You will be relieved to hear that each of these methods can be implemented in only a few lines of code, provided you think clearly about what you are doing.

(c) This exercise can also be used to highlight a further application of the StringBuilder class that you used in Practical 5. Use an object of this type to build up the list of non-terminals that turn out to be "undefined", as shown in the example above.

(d) The way we have set up Coco requires that any "support" classes (like Table.java) needed by an application (like EBNF) must be stored in a sub-directory whose name matches the goal symbol (like EBNF).

(e) For this application, direct the output to a file, whose name can be derived from the input file name.

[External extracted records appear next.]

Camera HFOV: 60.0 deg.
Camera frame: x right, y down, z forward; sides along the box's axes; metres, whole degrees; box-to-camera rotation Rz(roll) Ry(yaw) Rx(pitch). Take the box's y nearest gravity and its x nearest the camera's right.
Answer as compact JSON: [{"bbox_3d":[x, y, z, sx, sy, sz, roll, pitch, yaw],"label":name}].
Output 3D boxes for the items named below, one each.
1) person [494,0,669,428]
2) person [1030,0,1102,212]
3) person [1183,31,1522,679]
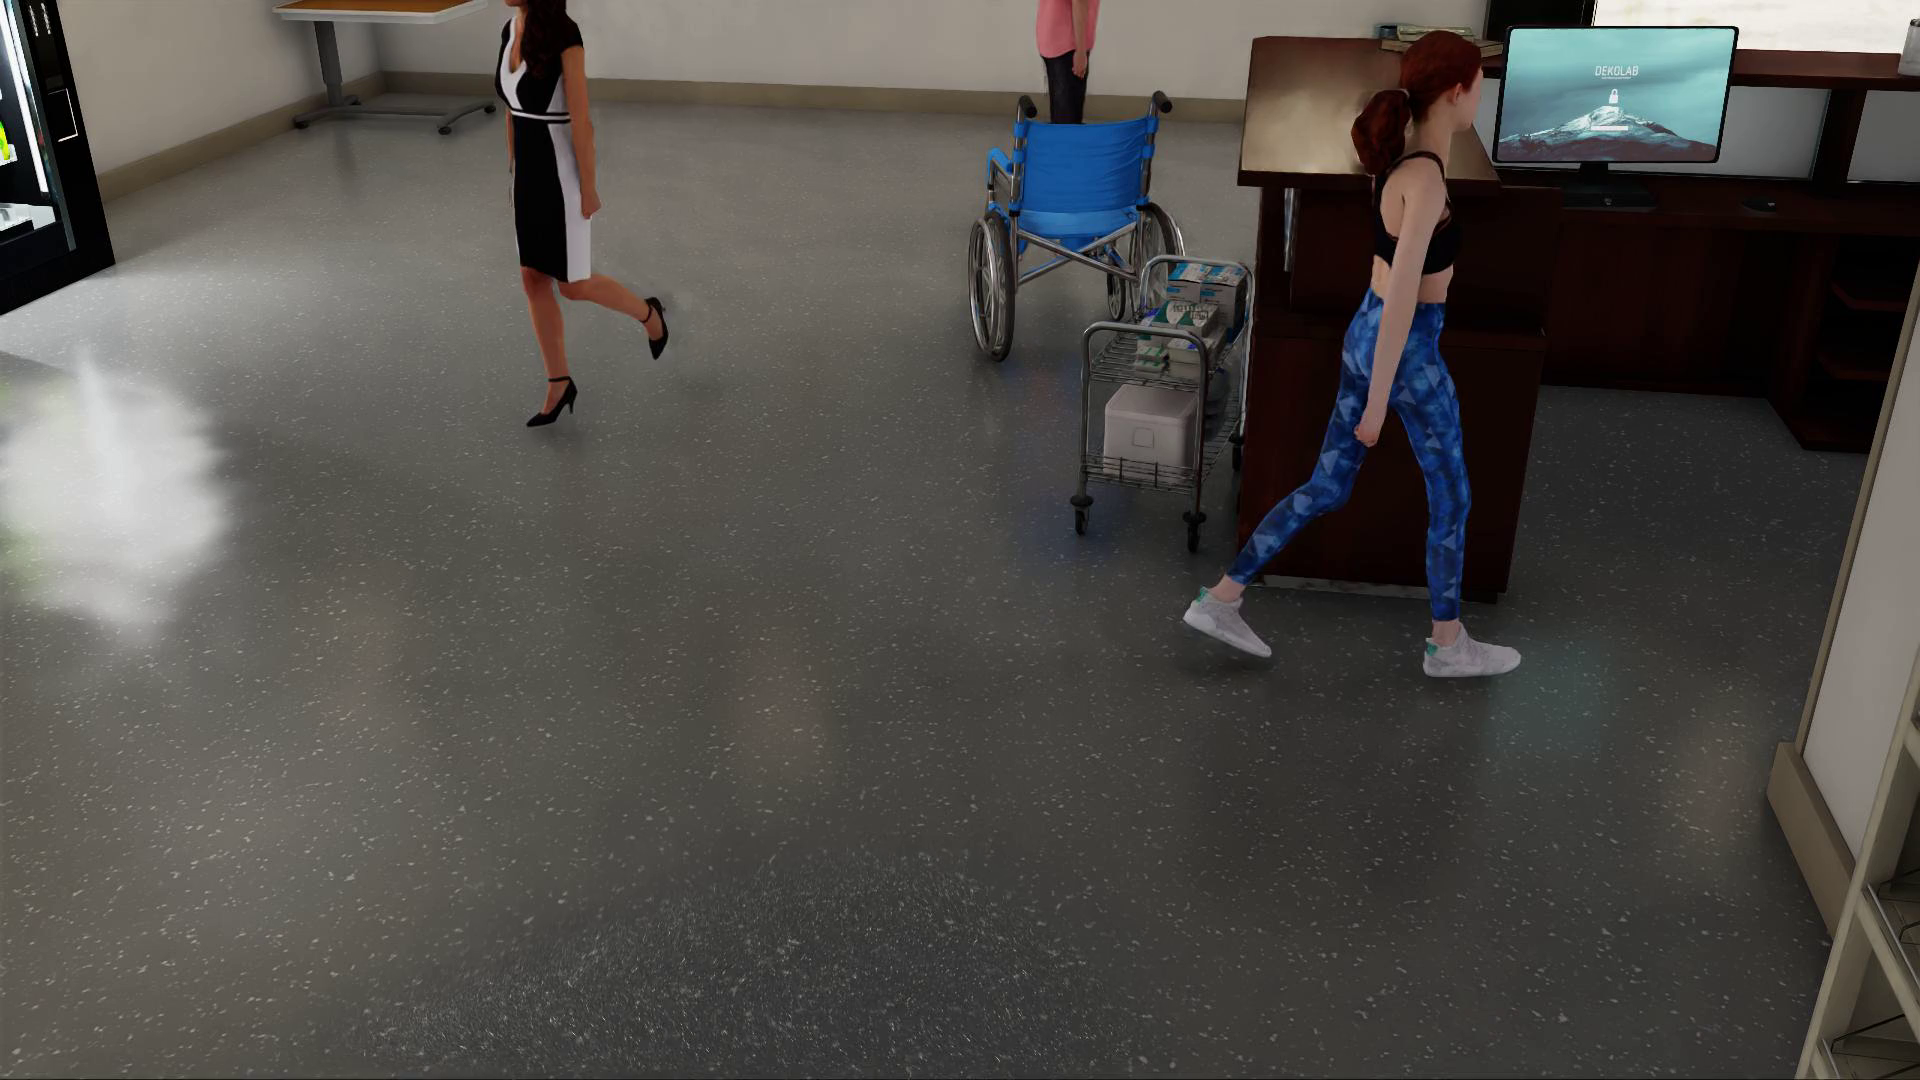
[{"bbox_3d":[-1.468,-1.323,6.270,0.862,1.780,1.017,20,32,36],"label":"person"},{"bbox_3d":[0.537,-2.588,8.701,0.797,1.948,0.682,-6,26,-12],"label":"person"},{"bbox_3d":[1.046,-0.413,4.418,0.812,1.750,1.152,0,26,0],"label":"person"}]

Copy the Driver.frame file to create one called EBNF.frame (in your work directory) and follow the suggestions contained in the comments in this file, which are hopefully fairly clear.

Yes, I know, this exercise can be done using classes other than ArrayList and StringBuilder. However, these classes are used in various illustrations in the course, and it is as well for you to be properly familiar with them.

Appendix - simple use of the ArrayList class

The prac kit contains a simple example (also presented on the course web page) showing how the generic ArrayList class (Java) or List class (C#) can be used to construct a list of records of people's names and ages, and then to display this list and interrogate it. You can compile and run the program at your leisure. It requires that you have Java 1.5 or later, or C# 2.0 or later - in the unlikely event that you do not have an up to date version of Java or C#, you will have to use the basic classes instead.